— What is required —
Take the entries below and print, exactly, the stretch from the line containing "Model file for" through the line containing "-18,33.5 Z |", both included.

★ ★ ★ ★ ★

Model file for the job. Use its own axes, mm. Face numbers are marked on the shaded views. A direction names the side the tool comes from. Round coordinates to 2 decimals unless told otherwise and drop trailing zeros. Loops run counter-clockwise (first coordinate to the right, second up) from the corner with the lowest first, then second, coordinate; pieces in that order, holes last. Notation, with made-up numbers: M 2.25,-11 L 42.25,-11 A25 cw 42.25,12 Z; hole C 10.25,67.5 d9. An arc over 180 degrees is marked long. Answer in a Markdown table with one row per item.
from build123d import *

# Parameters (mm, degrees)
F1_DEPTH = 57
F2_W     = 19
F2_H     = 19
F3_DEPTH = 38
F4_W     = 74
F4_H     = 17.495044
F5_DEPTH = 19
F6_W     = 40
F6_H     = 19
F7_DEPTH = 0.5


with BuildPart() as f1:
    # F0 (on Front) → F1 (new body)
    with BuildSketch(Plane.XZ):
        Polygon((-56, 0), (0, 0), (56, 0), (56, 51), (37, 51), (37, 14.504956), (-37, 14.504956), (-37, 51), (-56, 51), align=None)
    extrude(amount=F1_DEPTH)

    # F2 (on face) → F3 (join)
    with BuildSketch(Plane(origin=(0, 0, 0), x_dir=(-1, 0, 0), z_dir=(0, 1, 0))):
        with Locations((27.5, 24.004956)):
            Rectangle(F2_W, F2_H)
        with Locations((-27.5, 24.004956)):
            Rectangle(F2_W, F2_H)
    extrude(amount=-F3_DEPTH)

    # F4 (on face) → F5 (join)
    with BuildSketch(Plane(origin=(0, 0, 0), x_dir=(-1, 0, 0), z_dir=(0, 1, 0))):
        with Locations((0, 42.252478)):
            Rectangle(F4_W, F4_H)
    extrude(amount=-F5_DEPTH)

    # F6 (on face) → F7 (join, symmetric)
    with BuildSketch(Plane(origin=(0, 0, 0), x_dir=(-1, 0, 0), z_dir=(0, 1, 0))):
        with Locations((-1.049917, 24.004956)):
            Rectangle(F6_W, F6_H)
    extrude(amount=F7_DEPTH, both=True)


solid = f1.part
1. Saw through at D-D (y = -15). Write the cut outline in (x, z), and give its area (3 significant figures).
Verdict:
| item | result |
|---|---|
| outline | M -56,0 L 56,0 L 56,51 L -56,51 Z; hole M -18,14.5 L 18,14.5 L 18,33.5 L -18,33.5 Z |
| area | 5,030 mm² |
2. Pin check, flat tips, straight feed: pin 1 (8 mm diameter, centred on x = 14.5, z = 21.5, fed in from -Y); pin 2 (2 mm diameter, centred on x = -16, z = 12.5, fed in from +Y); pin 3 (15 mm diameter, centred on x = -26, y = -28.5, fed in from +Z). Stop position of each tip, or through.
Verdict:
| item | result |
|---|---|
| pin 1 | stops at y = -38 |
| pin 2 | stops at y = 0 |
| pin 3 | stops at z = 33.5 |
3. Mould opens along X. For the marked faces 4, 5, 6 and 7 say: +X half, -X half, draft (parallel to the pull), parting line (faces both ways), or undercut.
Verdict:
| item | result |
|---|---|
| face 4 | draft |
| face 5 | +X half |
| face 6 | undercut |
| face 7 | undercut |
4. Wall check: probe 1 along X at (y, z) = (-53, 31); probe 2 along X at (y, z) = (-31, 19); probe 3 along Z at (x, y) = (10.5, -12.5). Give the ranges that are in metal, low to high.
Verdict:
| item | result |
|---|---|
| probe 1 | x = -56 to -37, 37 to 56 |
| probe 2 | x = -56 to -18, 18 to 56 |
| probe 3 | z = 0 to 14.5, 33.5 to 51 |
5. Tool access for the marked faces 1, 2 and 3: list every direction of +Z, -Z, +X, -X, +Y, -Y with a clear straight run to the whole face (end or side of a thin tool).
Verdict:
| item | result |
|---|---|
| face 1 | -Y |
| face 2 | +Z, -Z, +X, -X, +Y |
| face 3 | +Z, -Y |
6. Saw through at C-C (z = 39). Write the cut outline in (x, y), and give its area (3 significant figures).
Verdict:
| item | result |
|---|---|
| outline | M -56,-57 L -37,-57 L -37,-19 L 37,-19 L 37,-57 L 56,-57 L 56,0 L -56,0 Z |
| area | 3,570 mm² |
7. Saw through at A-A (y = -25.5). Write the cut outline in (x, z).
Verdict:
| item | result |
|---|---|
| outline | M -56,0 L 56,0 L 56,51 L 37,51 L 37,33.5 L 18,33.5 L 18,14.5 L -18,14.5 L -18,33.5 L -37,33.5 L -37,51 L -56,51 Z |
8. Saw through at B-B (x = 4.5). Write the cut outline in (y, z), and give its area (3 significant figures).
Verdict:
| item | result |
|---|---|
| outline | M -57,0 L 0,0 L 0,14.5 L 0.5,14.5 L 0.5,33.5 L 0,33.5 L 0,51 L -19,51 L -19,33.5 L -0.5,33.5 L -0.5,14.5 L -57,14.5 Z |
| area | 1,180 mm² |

★ ★ ★ ★ ★

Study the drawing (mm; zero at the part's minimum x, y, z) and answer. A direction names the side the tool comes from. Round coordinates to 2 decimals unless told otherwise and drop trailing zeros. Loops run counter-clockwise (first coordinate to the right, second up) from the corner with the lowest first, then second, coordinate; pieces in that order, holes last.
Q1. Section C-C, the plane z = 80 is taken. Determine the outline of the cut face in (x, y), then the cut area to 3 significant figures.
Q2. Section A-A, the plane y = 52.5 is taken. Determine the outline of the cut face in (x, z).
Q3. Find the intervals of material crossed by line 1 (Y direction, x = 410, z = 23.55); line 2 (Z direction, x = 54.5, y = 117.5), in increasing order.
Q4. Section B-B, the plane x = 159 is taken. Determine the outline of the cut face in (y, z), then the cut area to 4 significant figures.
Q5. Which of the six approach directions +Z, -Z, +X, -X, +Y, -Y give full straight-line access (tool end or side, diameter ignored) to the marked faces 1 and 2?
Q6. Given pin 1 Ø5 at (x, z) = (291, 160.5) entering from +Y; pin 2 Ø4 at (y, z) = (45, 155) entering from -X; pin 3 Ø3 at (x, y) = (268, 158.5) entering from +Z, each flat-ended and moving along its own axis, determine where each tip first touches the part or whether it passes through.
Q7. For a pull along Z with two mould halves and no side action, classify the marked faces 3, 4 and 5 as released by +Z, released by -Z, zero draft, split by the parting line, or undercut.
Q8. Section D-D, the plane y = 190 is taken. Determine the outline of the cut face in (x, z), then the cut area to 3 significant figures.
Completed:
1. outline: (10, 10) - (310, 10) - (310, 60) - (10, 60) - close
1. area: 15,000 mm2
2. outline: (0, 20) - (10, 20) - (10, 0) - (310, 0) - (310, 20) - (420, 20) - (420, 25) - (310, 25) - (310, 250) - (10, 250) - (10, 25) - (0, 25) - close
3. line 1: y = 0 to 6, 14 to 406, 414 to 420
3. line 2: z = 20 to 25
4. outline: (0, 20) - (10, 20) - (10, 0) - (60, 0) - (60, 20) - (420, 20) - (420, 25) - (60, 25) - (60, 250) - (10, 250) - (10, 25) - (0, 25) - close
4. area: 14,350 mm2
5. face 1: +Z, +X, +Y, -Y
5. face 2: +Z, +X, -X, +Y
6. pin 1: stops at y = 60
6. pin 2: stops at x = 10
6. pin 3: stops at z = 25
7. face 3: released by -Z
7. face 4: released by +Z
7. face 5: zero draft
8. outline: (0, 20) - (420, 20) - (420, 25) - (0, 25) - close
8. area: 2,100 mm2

★ ★ ★ ★ ★

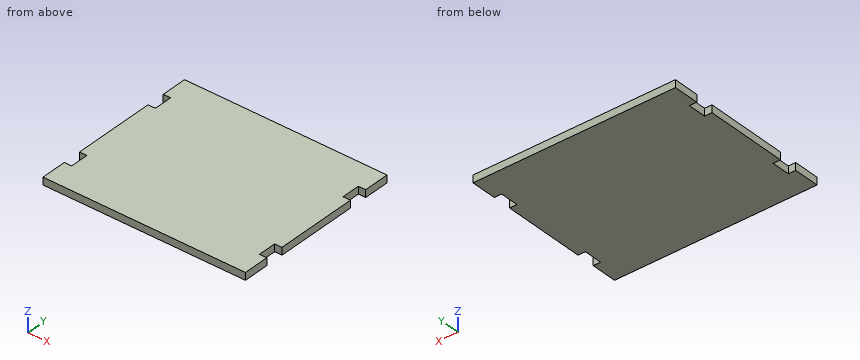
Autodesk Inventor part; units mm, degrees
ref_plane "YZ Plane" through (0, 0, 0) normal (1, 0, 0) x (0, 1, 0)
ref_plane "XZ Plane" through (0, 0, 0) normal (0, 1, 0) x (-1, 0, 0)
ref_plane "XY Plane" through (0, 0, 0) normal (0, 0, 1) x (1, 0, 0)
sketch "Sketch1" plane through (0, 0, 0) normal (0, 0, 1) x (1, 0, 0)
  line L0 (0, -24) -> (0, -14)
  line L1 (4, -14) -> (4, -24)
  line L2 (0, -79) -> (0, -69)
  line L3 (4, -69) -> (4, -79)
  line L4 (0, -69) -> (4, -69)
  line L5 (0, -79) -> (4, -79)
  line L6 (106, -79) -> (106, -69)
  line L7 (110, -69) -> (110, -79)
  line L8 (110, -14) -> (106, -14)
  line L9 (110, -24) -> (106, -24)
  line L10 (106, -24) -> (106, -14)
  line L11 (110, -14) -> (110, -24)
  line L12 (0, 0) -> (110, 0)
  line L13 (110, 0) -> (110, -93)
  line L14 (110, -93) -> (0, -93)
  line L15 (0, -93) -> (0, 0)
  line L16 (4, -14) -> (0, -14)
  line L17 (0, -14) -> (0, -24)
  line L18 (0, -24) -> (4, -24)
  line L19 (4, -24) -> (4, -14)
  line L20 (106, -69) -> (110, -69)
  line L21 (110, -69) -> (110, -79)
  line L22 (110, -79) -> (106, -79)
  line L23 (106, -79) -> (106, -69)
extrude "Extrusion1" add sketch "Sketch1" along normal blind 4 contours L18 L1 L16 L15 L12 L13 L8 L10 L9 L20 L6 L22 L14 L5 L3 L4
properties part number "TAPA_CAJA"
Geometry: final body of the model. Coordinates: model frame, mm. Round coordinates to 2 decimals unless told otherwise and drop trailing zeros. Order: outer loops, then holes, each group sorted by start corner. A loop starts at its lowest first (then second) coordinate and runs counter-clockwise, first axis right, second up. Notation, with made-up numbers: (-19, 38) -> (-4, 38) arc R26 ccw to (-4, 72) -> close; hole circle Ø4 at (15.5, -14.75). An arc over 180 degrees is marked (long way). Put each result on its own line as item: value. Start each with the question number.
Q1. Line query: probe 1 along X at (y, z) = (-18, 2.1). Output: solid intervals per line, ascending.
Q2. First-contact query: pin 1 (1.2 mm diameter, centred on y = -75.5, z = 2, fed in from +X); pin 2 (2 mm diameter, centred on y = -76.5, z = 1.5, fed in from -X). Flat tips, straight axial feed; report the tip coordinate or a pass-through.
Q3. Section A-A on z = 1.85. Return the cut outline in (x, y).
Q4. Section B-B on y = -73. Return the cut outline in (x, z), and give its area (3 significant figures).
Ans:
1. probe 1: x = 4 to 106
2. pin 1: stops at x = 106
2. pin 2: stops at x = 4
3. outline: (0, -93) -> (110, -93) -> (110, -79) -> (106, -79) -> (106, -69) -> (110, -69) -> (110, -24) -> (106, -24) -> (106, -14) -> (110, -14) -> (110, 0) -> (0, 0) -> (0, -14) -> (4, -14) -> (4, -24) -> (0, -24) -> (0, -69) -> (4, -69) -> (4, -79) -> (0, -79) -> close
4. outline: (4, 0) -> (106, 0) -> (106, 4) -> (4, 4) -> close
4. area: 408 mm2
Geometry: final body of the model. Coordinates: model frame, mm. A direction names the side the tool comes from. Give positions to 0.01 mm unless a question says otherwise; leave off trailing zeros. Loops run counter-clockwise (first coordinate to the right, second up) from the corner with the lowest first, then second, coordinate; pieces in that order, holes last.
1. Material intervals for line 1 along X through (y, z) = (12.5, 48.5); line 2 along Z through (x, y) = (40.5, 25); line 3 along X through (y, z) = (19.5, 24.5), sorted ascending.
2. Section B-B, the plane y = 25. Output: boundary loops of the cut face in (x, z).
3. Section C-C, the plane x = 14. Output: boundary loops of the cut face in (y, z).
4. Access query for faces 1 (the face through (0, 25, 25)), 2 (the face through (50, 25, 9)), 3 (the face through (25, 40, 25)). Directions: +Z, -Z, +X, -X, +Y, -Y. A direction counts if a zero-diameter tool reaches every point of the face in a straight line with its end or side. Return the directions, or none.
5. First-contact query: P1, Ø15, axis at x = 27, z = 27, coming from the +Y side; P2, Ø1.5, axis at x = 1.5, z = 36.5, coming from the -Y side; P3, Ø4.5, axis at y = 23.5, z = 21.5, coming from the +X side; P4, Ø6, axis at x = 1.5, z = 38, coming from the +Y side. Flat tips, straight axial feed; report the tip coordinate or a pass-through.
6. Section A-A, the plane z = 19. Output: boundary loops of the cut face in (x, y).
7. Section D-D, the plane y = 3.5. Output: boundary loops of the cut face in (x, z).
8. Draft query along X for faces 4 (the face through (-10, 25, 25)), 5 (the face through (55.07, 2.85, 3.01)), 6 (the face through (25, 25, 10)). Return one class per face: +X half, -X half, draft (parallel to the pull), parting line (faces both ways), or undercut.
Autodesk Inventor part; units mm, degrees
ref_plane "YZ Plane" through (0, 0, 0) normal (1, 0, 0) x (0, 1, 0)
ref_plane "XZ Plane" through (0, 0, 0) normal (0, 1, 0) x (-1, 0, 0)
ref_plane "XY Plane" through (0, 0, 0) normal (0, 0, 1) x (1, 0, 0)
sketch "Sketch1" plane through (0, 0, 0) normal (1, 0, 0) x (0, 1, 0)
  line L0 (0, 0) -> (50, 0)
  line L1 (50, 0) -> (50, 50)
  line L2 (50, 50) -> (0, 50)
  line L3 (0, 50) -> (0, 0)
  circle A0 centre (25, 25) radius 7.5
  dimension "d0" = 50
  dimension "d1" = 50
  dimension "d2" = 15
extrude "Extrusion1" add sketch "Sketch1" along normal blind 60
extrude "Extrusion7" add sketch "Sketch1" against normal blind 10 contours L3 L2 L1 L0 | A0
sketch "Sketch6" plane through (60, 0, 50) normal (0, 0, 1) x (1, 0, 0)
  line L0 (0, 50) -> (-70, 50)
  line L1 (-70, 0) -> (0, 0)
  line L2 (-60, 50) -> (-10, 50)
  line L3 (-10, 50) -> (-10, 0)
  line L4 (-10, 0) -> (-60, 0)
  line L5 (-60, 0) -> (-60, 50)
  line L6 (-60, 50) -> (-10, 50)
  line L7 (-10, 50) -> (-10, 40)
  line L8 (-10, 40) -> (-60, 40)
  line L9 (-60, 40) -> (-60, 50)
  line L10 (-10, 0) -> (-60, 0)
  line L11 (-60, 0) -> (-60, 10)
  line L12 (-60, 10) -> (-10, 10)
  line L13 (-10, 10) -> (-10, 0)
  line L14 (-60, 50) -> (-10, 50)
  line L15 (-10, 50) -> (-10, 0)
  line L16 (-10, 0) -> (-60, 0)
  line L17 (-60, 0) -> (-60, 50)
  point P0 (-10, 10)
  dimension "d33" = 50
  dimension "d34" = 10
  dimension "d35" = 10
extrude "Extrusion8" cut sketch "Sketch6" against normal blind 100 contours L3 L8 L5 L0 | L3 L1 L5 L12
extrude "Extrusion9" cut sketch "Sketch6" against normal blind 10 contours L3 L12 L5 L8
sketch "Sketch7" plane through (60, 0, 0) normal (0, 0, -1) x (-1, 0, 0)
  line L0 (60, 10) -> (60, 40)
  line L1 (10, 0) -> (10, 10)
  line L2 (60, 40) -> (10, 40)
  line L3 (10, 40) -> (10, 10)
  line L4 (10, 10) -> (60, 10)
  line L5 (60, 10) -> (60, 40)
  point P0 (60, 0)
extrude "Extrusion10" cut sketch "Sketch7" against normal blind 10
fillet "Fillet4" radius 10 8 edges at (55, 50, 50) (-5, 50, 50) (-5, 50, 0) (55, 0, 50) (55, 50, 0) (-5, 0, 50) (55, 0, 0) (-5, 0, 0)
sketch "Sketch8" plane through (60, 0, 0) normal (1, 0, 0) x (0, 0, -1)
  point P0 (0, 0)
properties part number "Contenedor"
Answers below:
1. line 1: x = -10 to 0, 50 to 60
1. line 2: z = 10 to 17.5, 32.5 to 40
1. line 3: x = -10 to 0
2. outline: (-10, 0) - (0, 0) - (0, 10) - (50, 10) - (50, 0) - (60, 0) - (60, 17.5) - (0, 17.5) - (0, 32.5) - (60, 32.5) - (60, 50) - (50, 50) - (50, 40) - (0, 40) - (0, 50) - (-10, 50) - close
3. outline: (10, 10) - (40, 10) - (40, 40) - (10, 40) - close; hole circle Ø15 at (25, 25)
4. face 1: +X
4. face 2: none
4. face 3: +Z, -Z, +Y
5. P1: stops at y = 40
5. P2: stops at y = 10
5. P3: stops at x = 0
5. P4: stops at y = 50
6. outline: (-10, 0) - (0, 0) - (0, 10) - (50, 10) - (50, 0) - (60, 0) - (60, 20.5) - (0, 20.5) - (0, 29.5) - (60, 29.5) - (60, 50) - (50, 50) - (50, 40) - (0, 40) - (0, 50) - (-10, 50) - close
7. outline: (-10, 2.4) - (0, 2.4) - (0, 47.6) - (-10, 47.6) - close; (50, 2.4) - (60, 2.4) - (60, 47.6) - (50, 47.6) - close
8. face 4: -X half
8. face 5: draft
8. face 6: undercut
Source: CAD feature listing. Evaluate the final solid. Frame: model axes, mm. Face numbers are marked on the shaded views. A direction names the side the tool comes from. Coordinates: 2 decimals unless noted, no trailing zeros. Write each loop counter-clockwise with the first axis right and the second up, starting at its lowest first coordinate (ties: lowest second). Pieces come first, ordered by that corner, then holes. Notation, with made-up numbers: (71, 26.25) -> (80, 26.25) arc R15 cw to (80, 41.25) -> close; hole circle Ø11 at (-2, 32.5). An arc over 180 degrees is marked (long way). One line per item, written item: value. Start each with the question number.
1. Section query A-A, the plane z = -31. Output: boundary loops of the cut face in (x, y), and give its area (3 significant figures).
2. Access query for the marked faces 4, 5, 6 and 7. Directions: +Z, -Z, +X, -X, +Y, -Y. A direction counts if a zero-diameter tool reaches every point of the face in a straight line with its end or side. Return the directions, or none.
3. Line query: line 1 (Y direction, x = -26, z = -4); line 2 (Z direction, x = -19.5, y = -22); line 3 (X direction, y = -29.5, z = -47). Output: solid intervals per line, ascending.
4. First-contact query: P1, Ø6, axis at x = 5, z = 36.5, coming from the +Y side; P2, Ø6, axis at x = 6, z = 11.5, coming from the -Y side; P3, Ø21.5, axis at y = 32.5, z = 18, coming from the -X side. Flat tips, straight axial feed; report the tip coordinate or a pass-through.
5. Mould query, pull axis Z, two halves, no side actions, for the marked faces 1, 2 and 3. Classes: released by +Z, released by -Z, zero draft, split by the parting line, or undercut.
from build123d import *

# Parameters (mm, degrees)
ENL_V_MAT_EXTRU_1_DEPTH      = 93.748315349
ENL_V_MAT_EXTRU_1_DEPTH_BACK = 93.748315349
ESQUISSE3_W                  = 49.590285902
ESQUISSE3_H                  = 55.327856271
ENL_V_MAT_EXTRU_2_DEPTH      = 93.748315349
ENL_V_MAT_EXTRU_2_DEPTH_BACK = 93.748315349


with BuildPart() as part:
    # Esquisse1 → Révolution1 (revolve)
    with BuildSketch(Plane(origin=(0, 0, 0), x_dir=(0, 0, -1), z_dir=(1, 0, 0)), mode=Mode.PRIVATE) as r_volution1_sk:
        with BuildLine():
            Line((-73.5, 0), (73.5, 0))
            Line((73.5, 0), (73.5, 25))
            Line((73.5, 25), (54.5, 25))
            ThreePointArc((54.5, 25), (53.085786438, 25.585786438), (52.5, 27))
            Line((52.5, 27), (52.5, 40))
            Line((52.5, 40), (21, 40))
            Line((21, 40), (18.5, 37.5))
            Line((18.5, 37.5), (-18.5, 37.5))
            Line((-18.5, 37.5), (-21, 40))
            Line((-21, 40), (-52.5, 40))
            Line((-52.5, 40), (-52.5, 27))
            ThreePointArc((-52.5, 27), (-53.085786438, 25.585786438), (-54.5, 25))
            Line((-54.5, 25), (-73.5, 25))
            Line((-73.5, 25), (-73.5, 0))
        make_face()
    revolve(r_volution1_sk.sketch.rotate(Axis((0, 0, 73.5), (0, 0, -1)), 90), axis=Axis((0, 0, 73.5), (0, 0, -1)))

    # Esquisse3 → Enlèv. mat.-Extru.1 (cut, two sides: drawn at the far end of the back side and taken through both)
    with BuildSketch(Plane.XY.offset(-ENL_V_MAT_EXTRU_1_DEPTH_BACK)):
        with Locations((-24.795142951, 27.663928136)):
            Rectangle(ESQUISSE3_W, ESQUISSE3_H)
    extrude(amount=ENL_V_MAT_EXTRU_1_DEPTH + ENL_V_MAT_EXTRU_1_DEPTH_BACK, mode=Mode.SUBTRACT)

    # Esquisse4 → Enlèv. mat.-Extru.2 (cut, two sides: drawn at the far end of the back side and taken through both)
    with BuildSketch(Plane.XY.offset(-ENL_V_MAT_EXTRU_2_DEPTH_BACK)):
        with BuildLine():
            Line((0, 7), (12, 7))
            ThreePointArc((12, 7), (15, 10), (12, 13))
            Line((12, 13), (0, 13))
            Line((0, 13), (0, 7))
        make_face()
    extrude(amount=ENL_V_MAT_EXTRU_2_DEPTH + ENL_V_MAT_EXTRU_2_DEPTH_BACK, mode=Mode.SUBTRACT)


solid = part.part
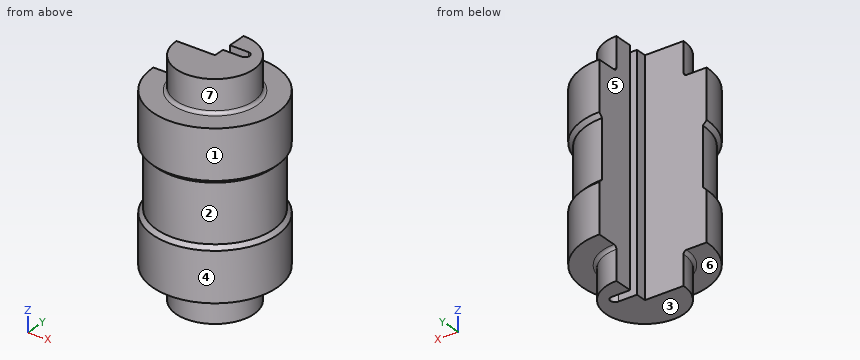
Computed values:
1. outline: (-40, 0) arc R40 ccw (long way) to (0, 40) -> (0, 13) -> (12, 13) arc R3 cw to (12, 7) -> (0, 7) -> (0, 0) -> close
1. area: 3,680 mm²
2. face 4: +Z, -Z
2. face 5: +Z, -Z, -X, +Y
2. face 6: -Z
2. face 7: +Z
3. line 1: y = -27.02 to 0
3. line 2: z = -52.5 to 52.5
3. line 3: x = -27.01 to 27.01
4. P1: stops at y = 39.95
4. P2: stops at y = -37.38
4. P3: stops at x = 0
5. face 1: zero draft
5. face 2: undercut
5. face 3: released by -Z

★ ★ ★ ★ ★

— Answer to this task —
Model file for the job. Use its own axes, mm. Face numbers are marked on the shaded views. A direction names the side the tool comes from. Round coordinates to 2 decimals unless told otherwise and drop trailing zeros. Loops run counter-clockwise (first coordinate to the right, second up) from the corner with the lowest first, then second, coordinate; pieces in that order, holes last. Notation, with made-up numbers: M 2.25,-11 L 42.25,-11 A25 cw 42.25,12 Z; hole C 10.25,67.5 d9. An arc over 180 degrees is marked long. Answer in a Markdown table with one row per item.
from build123d import *

# Parameters (mm, degrees)
F1_DEPTH = 57
F2_W     = 19
F2_H     = 19
F3_DEPTH = 38
F4_W     = 74
F4_H     = 17.495044
F5_DEPTH = 19
F6_W     = 40
F6_H     = 19
F7_DEPTH = 0.5


with BuildPart() as f1:
    # F0 (on Front) → F1 (new body)
    with BuildSketch(Plane.XZ):
        Polygon((-56, 0), (0, 0), (56, 0), (56, 51), (37, 51), (37, 14.504956), (-37, 14.504956), (-37, 51), (-56, 51), align=None)
    extrude(amount=F1_DEPTH)

    # F2 (on face) → F3 (join)
    with BuildSketch(Plane(origin=(0, 0, 0), x_dir=(-1, 0, 0), z_dir=(0, 1, 0))):
        with Locations((27.5, 24.004956)):
            Rectangle(F2_W, F2_H)
        with Locations((-27.5, 24.004956)):
            Rectangle(F2_W, F2_H)
    extrude(amount=-F3_DEPTH)

    # F4 (on face) → F5 (join)
    with BuildSketch(Plane(origin=(0, 0, 0), x_dir=(-1, 0, 0), z_dir=(0, 1, 0))):
        with Locations((0, 42.252478)):
            Rectangle(F4_W, F4_H)
    extrude(amount=-F5_DEPTH)

    # F6 (on face) → F7 (join, symmetric)
    with BuildSketch(Plane(origin=(0, 0, 0), x_dir=(-1, 0, 0), z_dir=(0, 1, 0))):
        with Locations((-1.049917, 24.004956)):
            Rectangle(F6_W, F6_H)
    extrude(amount=F7_DEPTH, both=True)


solid = f1.part
1. Saw through at D-D (y = -15). Write the cut outline in (x, z), and give its area (3 significant figures).
Verdict:
| item | result |
|---|---|
| outline | M -56,0 L 56,0 L 56,51 L -56,51 Z; hole M -18,14.5 L 18,14.5 L 18,33.5 L -18,33.5 Z |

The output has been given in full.